The free public forum at Bangor’s City Hall drew about 80 participants and presenters from around the state, including several parents of lead-poisoned children. Also present were public health officials, community service providers, legislators, nursing students, educators, landlords, tenants, attorneys and others. About 30 pre-kindergarten youngsters attended briefly as well, before parading down to the Maine Discovery Museum for a morning of activities.
Besides the pricey problem of funding lead cleanup in Maine homes, Thornfelt said the state’s official Childhood Lead Poisoning Prevention Project has some “holes” in it – holes that allow too many children to go untested, too many landlords to rent their contaminated properties to young families and too many parents to expose their children to the dangerous toxin unwittingly.
A case in point, young mother Denise Wilson described how her two children were lead poisoned after she moved back to Maine from the West Coast, despite her basic awareness of the problem and a series of encounters that failed to set off her maternal alarms.
“It was my dream to move home, buy a big old house and fix it up and raise my kids here,” she said.

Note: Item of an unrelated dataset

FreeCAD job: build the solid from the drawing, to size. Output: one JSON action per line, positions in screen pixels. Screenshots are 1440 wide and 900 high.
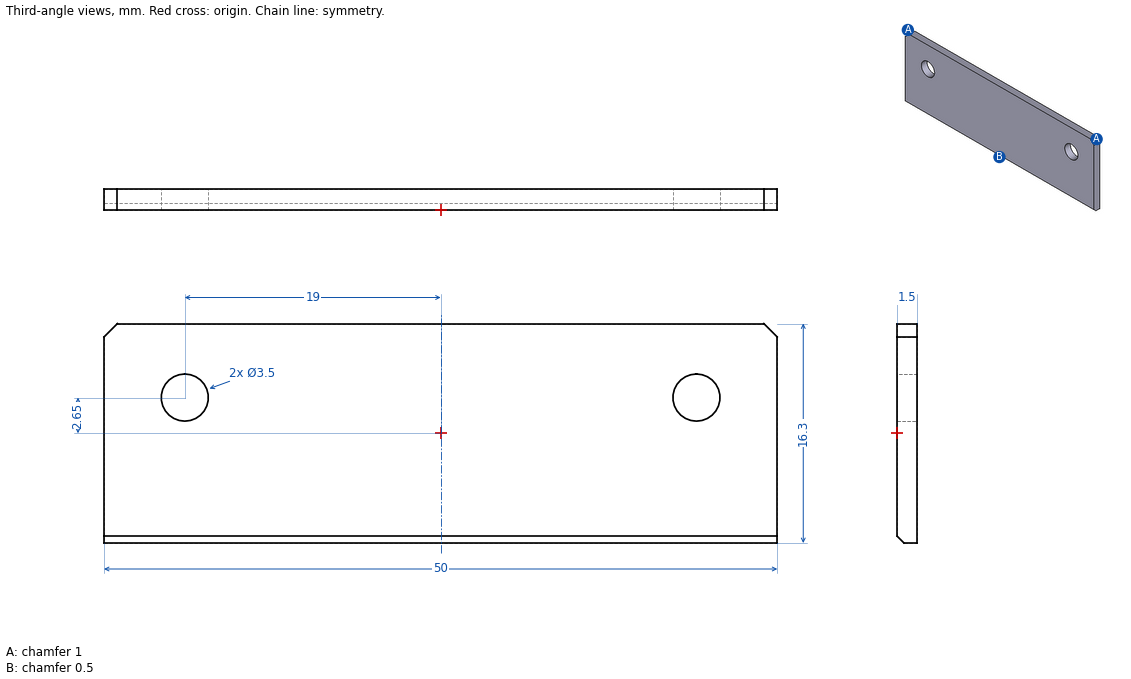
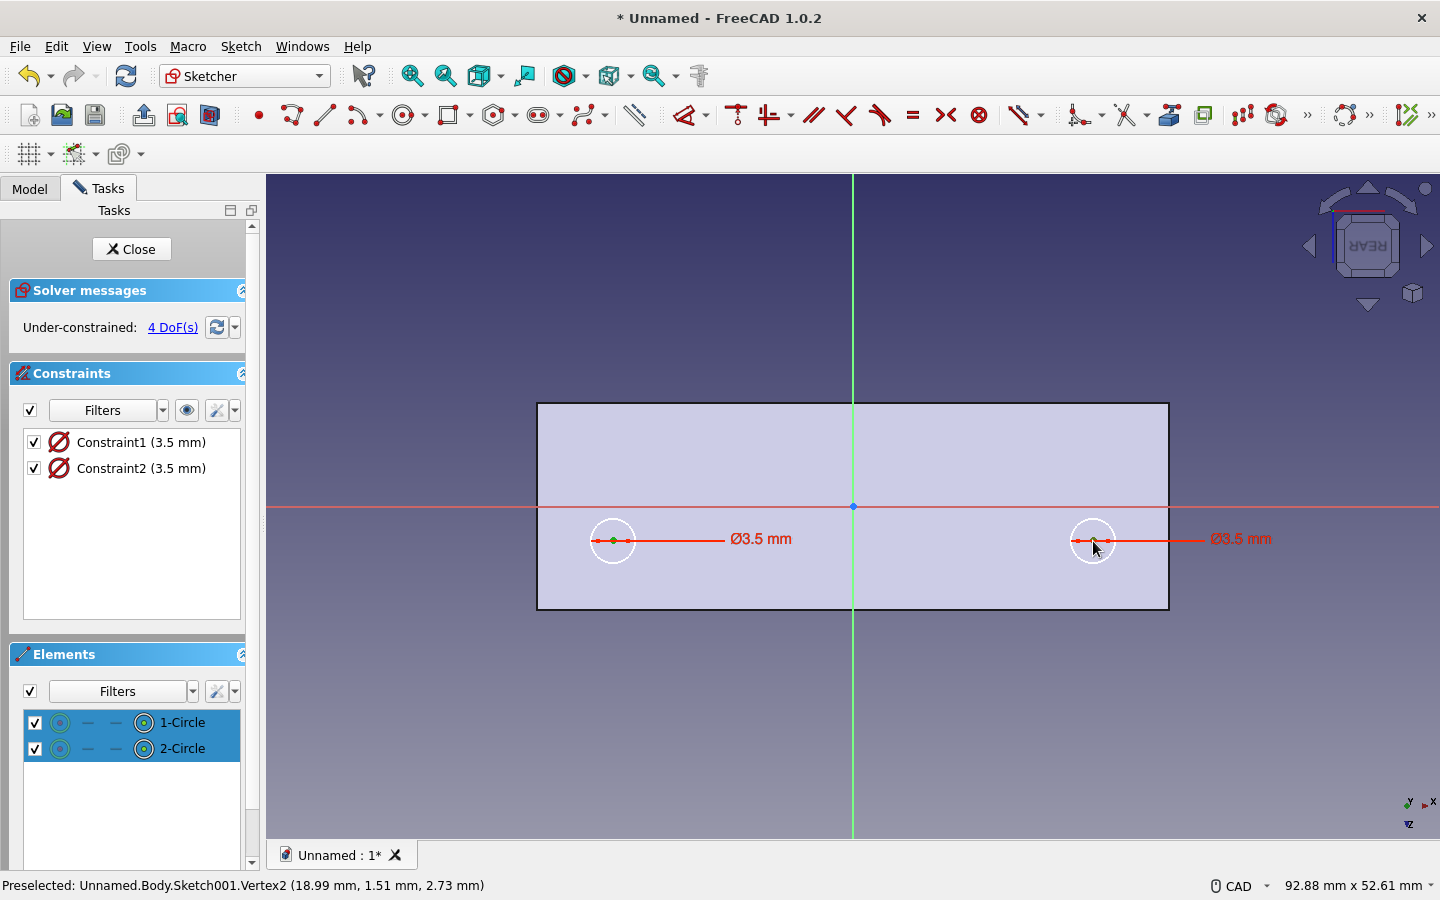
{"action": "left_click", "coordinate": [853, 768]}
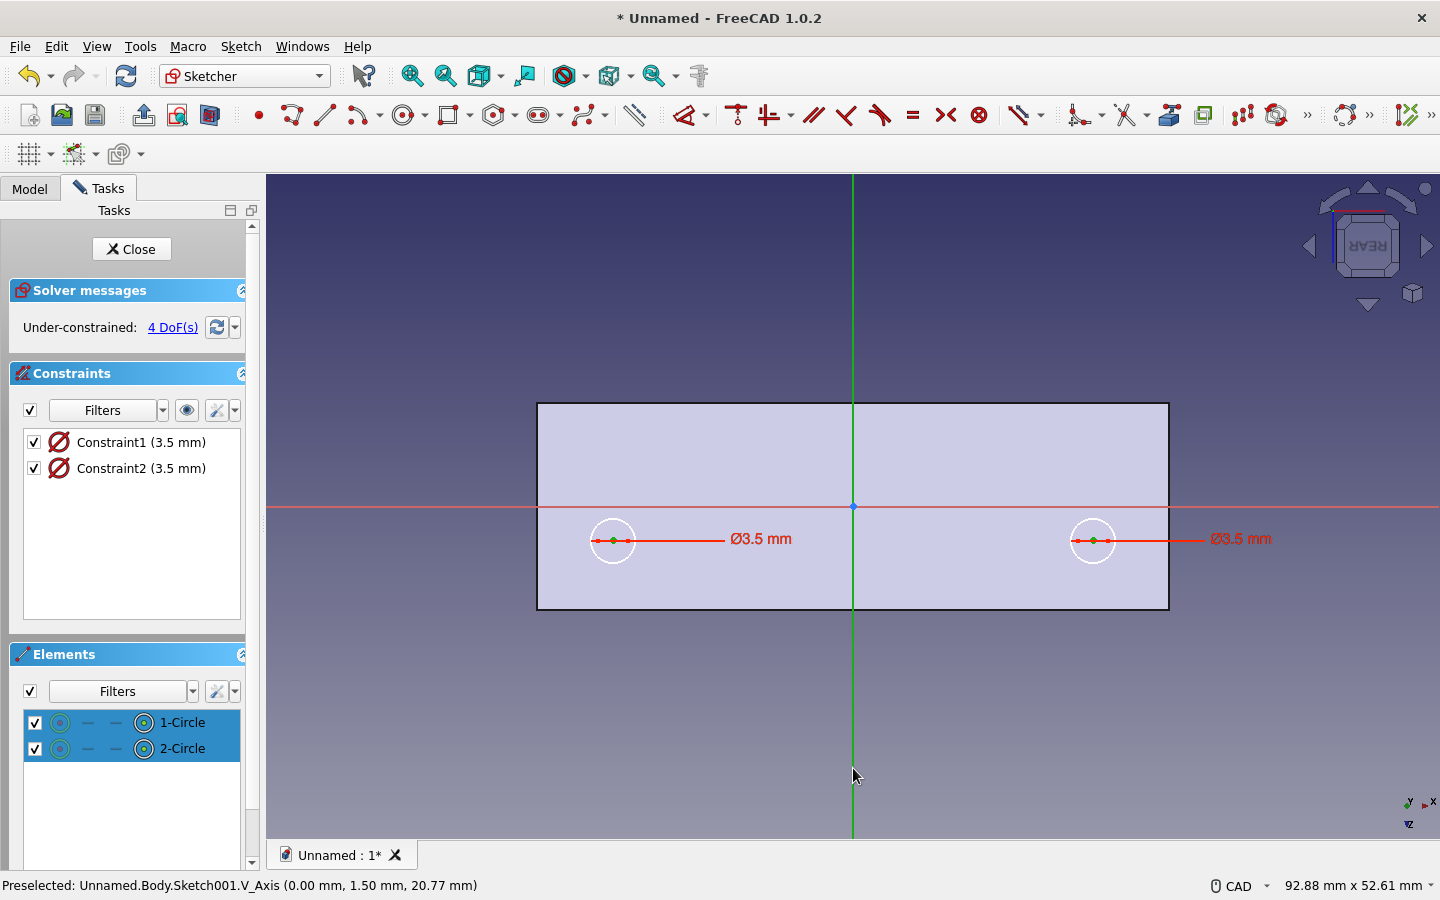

When she shared that dream with her California midwife, the health practitioner failed to alert her to the danger of lead paint. When she and her husband purchased the “perfect” house they found in Bangor, they signed a statement acknowledging the possibility there was lead paint, but the realtor glossed over the fine-print clause. When she purchased renovation supplies, including sandpaper, paints and solvents, no one at the hardware store asked if she was observing lead-safe precautions. And none of the several professional contractors who came to work on the house took seriously her casual queries about the danger of exposing her children to lead dust.
“They all reassured me, and I wanted to believe them” she said. “I wanted to be reassured.” As it turned out, her house was “totally infested” with lead. Her children were heavily exposed and may suffer lifelong consequences ranging from behavioral problems and learning disabilities to retardation and a range of medical problems. Wilson emphasized that a primary goal of the drive to end lead paint poisoning should be to step up education and awareness among the general population, as well as assisting with the costs of minimizing exposure.
Gov. John Baldacci, who opened the meeting, pledged his support to creating a “stable, independent funding base” to help pay for the variety of interventions needed to effectively combat lead paint poisoning. Specifically, Baldacci said he would work with advocates to present to state lawmakers during the upcoming legislative session a bond package containing funds earmarked for lead paint abatement. A similar bond package was voted down during the last session, the governor noted.
Maine lost out earlier this month on the third-time renewal of a federal grant from the Department of Housing and Urban Development, money that since 1998 has been used to fund the expensive and hazardous process of making Maine homes safe for children. Roger Bondeson, who administers the lead abatement program for the Maine State Housing Authority, said at Tuesday’s event that almost $6 million in state and federal funds has been spent since 1998 to eliminate or minimize lead contamination in Maine homes.
Bondeson said there is growing competition among states and municipalities for the HUD funding as awareness of the severity of the issue grows. As Maine’s housing stock, the 13th oldest in the country, deteriorates ever more rapidly, he said, “the stakes have never been higher.”
The Coalition for Environmentally Safe Communities, a national environmental health advocacy organization, has been awarded $1 million in HUD funding, according to executive director Janet Phoenix. The organization will use the money to establish a number of community-level funds to support lead poisoning issues, she said.